Scenario 2. An established professor close to retirement goes through his archive and finds an outline for an experimental course that he never taught because of other commitments and lack of support from the department. The professor goes to the repository and downloads the tools for converting legacy documents to standard XML formats. Using the tools, he brings the course up to date and registers it with the repository. Within a week, two young enthusiastic Australians write to him about some of their ideas that fit perfectly into his proposed framework. They take it upon themselves to develop additional assignments and write up explanations for them. They teach the course the following fall; the originator of the course teaches it in the spring semester after that, his last before retirement. The course proves very successful; the professor, now retired, is in active correspondence with his young Australian colleagues, and they are collaborating on a joint workbook to accompany the course. The workbook will be commercially published and distributed.

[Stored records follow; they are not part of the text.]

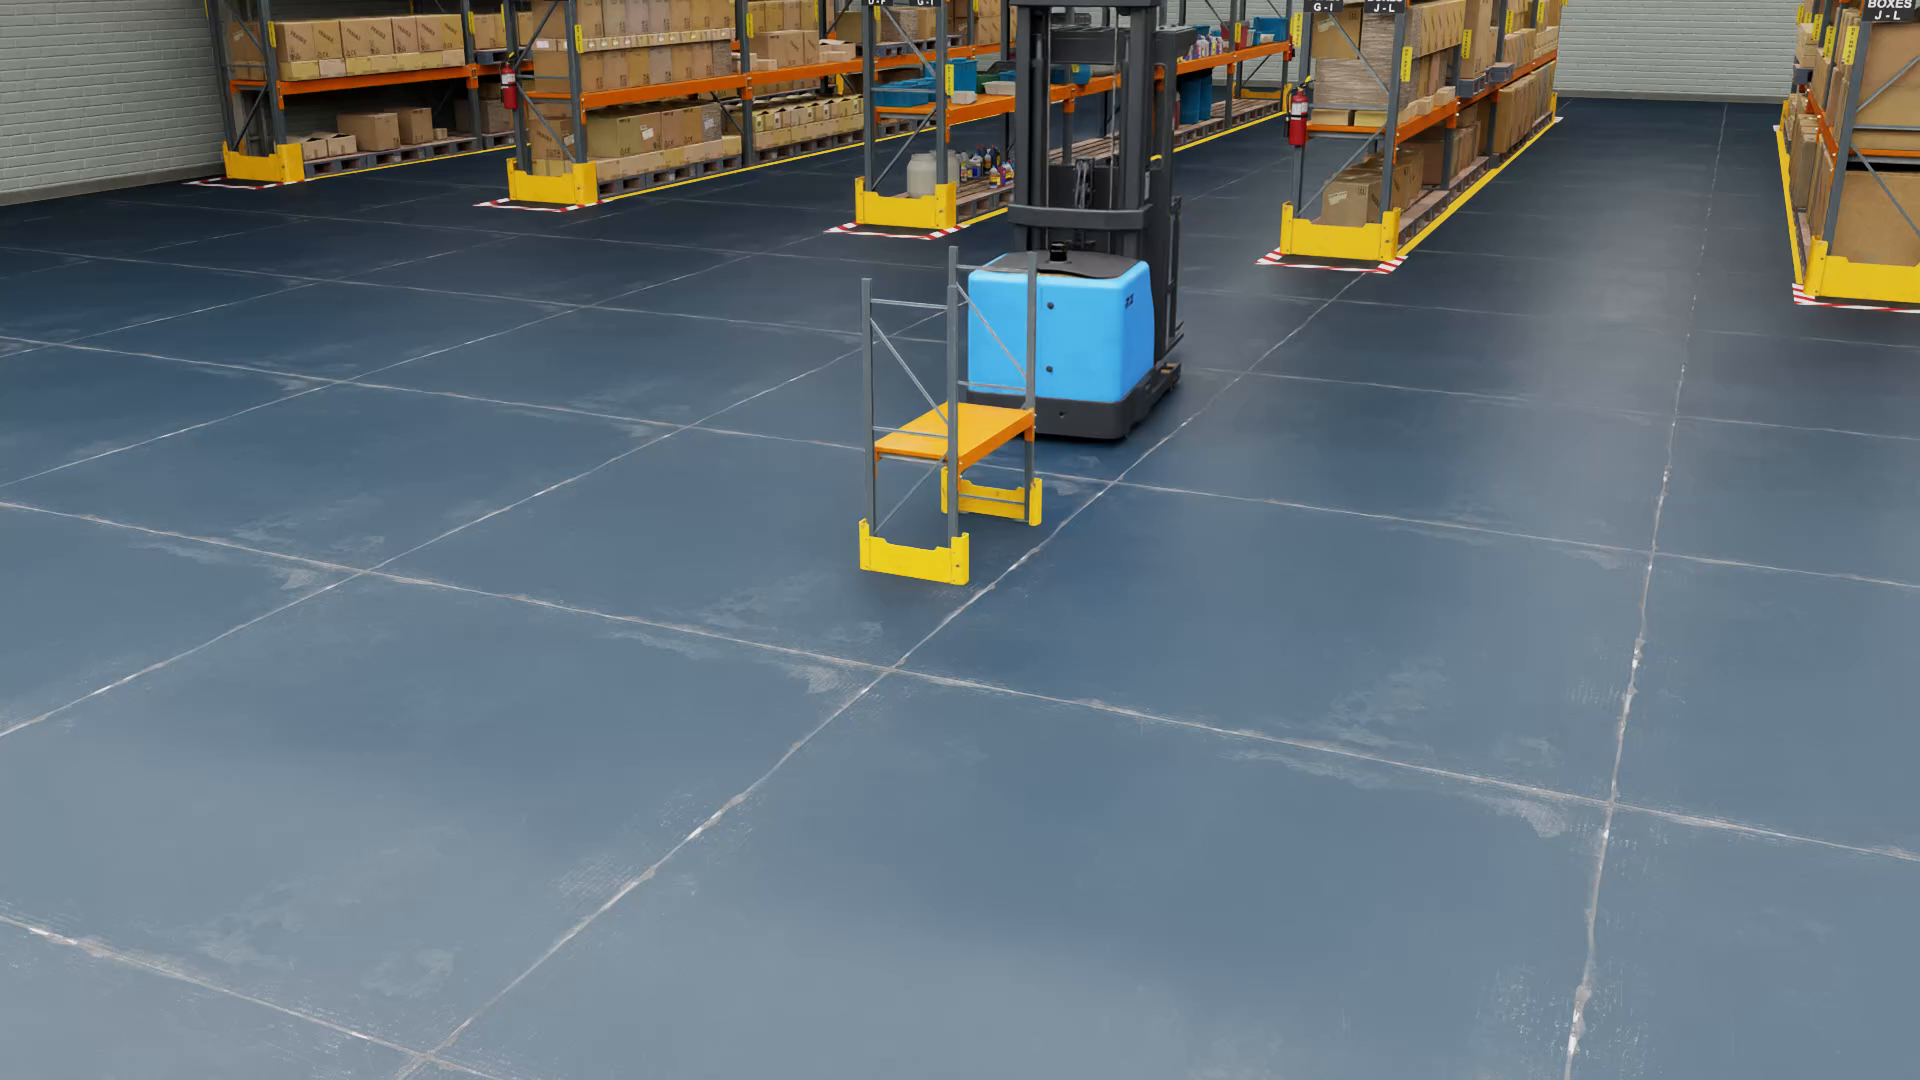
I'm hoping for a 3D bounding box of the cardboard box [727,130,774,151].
[{"bbox_3d":[-3.105,-5.935,24.658,0.500,0.250,0.500,8,21,21],"label":"cardboard box"}]

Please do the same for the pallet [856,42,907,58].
[{"bbox_3d":[-1.645,-8.293,28.096,1.213,0.211,1.003,9,21,23],"label":"pallet"}]

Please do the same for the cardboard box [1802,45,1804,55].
[{"bbox_3d":[11.556,-6.609,22.381,0.380,0.149,0.250,9,22,25],"label":"cardboard box"}]

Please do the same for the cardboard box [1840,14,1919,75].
[{"bbox_3d":[9.165,-4.850,16.293,0.875,0.550,0.500,9,21,23],"label":"cardboard box"}]

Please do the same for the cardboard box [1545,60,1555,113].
[{"bbox_3d":[10.265,-8.241,30.210,0.875,0.875,0.875,9,21,23],"label":"cardboard box"}]

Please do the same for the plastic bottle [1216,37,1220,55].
[{"bbox_3d":[4.377,-8.411,28.318,0.061,0.283,0.133,9,21,23],"label":"plastic bottle"}]

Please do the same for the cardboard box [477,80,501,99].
[{"bbox_3d":[-7.554,-7.367,27.163,0.500,0.250,0.500,8,21,22],"label":"cardboard box"}]

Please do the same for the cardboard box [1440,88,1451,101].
[{"bbox_3d":[5.609,-5.283,19.724,0.380,0.149,0.250,9,21,23],"label":"cardboard box"}]

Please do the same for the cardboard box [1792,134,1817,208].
[{"bbox_3d":[10.195,-4.212,19.065,1.050,0.750,0.750,8,21,22],"label":"cardboard box"}]

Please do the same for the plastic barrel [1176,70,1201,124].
[{"bbox_3d":[3.769,-7.537,28.190,0.600,0.901,0.708,9,21,23],"label":"plastic barrel"}]

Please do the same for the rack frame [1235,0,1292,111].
[{"bbox_3d":[5.935,-9.931,32.417,1.000,3.000,0.127,9,21,23],"label":"rack frame"}]

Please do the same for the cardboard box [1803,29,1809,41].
[{"bbox_3d":[11.762,-6.906,22.770,0.380,0.149,0.250,9,22,24],"label":"cardboard box"}]

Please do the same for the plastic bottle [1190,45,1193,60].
[{"bbox_3d":[3.699,-7.939,27.000,0.152,0.276,0.135,9,21,23],"label":"plastic bottle"}]

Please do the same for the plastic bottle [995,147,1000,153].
[{"bbox_3d":[0.491,-5.147,22.381,0.097,0.271,0.097,0,20,0],"label":"plastic bottle"}]

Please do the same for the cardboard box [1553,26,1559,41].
[{"bbox_3d":[10.497,-9.136,29.962,0.500,0.250,0.500,8,21,22],"label":"cardboard box"}]

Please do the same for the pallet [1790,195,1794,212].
[{"bbox_3d":[10.769,-4.178,20.402,1.003,0.211,1.213,9,21,23],"label":"pallet"}]

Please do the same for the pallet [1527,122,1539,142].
[{"bbox_3d":[9.198,-6.936,28.158,1.003,0.211,1.213,9,21,23],"label":"pallet"}]

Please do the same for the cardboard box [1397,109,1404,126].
[{"bbox_3d":[4.356,-4.370,17.155,0.380,0.149,0.250,9,21,23],"label":"cardboard box"}]

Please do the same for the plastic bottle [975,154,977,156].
[{"bbox_3d":[0.209,-4.887,21.648,0.097,0.271,0.097,0,20,0],"label":"plastic bottle"}]

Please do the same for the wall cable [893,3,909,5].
[{"bbox_3d":[-0.461,-14.334,40.478,3.097,2.526,0.112,9,21,23],"label":"wall cable"}]

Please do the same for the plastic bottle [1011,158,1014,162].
[{"bbox_3d":[0.739,-4.744,21.239,0.152,0.276,0.135,9,21,24],"label":"plastic bottle"}]

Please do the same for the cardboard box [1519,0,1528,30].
[{"bbox_3d":[8.562,-8.352,26.330,0.797,0.503,0.637,8,21,21],"label":"cardboard box"}]

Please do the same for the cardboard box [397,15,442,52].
[{"bbox_3d":[-8.128,-7.574,24.863,0.500,0.500,0.500,8,21,22],"label":"cardboard box"}]

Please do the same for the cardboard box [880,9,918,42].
[{"bbox_3d":[-1.155,-8.873,28.665,0.700,0.500,0.500,13,23,33],"label":"cardboard box"}]

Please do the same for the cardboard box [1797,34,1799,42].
[{"bbox_3d":[12.718,-7.479,24.828,0.380,0.149,0.250,9,21,24],"label":"cardboard box"}]

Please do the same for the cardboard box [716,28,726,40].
[{"bbox_3d":[-3.515,-7.108,23.363,0.380,0.149,0.250,8,21,22],"label":"cardboard box"}]

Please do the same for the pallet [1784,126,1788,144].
[{"bbox_3d":[14.040,-6.588,27.178,1.003,0.211,1.213,9,21,23],"label":"pallet"}]

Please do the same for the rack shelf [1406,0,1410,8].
[{"bbox_3d":[4.721,-6.046,18.090,1.077,0.370,4.000,9,21,23],"label":"rack shelf"}]

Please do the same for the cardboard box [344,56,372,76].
[{"bbox_3d":[-8.752,-6.759,23.692,0.500,0.250,0.500,8,21,22],"label":"cardboard box"}]

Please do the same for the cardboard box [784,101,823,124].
[{"bbox_3d":[-2.472,-6.672,25.894,0.500,0.311,0.500,9,22,24],"label":"cardboard box"}]

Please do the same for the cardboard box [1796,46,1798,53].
[{"bbox_3d":[12.610,-7.254,24.637,0.380,0.149,0.250,9,21,24],"label":"cardboard box"}]

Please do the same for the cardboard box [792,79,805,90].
[{"bbox_3d":[-3.709,-9.776,35.085,0.700,0.500,0.500,8,21,21],"label":"cardboard box"}]

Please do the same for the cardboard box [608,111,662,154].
[{"bbox_3d":[-4.316,-5.417,22.083,0.500,0.500,0.500,9,21,23],"label":"cardboard box"}]

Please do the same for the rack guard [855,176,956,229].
[{"bbox_3d":[-0.629,-3.892,19.166,1.175,0.500,0.348,9,21,23],"label":"rack guard"}]

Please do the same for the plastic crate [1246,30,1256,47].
[{"bbox_3d":[5.090,-9.122,30.230,0.437,0.282,0.530,9,21,23],"label":"plastic crate"}]

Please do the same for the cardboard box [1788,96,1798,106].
[{"bbox_3d":[14.190,-7.401,28.043,0.380,0.149,0.250,8,21,23],"label":"cardboard box"}]

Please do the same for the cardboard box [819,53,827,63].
[{"bbox_3d":[-2.329,-7.650,26.379,0.380,0.149,0.250,10,22,27],"label":"cardboard box"}]

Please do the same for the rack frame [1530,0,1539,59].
[{"bbox_3d":[8.816,-8.029,27.067,1.000,3.000,0.127,9,21,23],"label":"rack frame"}]

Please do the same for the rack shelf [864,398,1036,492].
[{"bbox_3d":[-0.035,-0.511,8.704,0.538,0.185,1.000,9,21,23],"label":"rack shelf"}]

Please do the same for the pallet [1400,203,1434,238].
[{"bbox_3d":[4.799,-3.685,19.015,1.003,0.211,1.213,9,21,23],"label":"pallet"}]

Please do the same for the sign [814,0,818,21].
[{"bbox_3d":[-2.357,-8.746,27.475,0.100,0.325,0.005,9,21,23],"label":"sign"}]

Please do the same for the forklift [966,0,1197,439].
[{"bbox_3d":[0.981,-2.479,11.567,1.130,2.935,3.031,6,21,17],"label":"forklift"}]

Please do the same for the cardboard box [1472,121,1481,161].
[{"bbox_3d":[6.922,-5.628,23.391,0.700,0.500,0.500,7,21,20],"label":"cardboard box"}]

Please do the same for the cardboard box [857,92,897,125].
[{"bbox_3d":[-1.411,-7.296,28.081,0.500,0.500,0.500,10,22,25],"label":"cardboard box"}]

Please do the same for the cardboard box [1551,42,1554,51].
[{"bbox_3d":[10.296,-8.746,29.460,0.380,0.149,0.250,9,21,24],"label":"cardboard box"}]

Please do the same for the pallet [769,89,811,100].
[{"bbox_3d":[-3.860,-9.350,34.944,1.003,0.211,1.213,9,21,23],"label":"pallet"}]

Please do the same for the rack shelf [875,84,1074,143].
[{"bbox_3d":[0.202,-5.312,20.503,1.077,0.370,4.000,9,21,23],"label":"rack shelf"}]

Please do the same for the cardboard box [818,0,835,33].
[{"bbox_3d":[-3.303,-11.274,35.747,0.980,0.700,0.700,10,22,25],"label":"cardboard box"}]

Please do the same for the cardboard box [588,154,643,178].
[{"bbox_3d":[-4.510,-4.910,21.775,0.500,0.250,0.500,9,21,23],"label":"cardboard box"}]

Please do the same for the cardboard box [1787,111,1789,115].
[{"bbox_3d":[14.431,-7.278,28.586,0.380,0.149,0.250,9,21,24],"label":"cardboard box"}]

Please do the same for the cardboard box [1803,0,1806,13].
[{"bbox_3d":[14.511,-9.097,27.988,0.500,0.500,0.500,8,21,22],"label":"cardboard box"}]

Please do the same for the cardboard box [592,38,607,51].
[{"bbox_3d":[-4.672,-6.245,20.935,0.380,0.149,0.250,8,21,21],"label":"cardboard box"}]

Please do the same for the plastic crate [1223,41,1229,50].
[{"bbox_3d":[4.618,-8.735,29.357,0.396,0.136,0.243,9,21,23],"label":"plastic crate"}]

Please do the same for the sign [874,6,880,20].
[{"bbox_3d":[-1.351,-8.637,27.049,0.100,0.325,0.005,9,21,23],"label":"sign"}]

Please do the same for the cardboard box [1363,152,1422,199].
[{"bbox_3d":[5.112,-4.310,19.716,0.500,0.500,0.500,17,26,40],"label":"cardboard box"}]

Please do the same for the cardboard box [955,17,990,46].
[{"bbox_3d":[0.237,-9.555,31.209,0.500,0.500,0.500,9,22,24],"label":"cardboard box"}]

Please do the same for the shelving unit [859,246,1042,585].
[{"bbox_3d":[-0.031,-0.683,8.652,0.587,1.500,1.083,9,21,23],"label":"shelving unit"}]
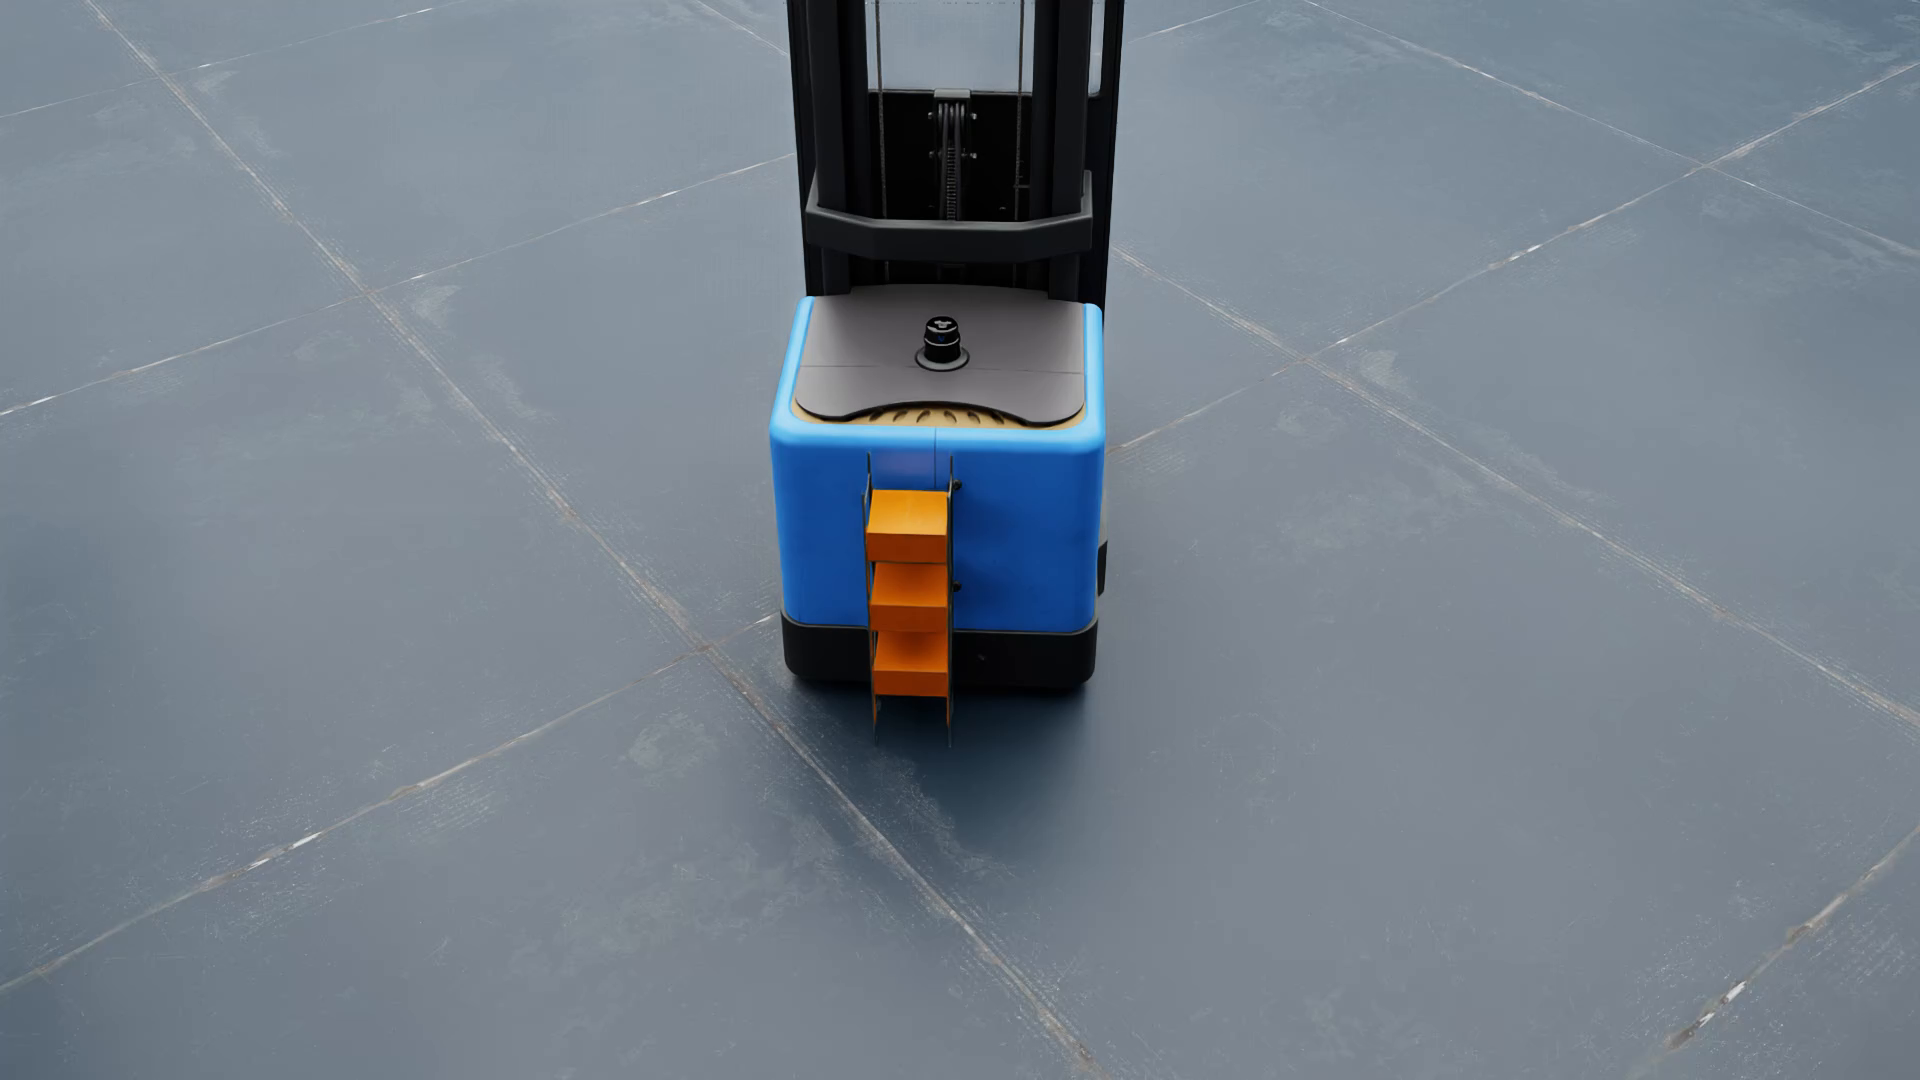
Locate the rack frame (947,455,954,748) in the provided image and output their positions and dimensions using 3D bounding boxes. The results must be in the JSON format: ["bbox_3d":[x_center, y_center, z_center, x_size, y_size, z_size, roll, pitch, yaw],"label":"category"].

The main point of these examples is that in courseware, just as in software, there are clear benefits to cooperation: development work gets spread around, unavoidable "bugs" are discovered and fixed quickly, and new ideas find a ready framework for adoption and testing. A common complaint among academics is that teaching, especially new course development, takes time away from research. In a culture of open course development and maintenance this problem could be greatly alleviated. And we have not even mentioned the students who will get better and cheaper (free) teaching materials.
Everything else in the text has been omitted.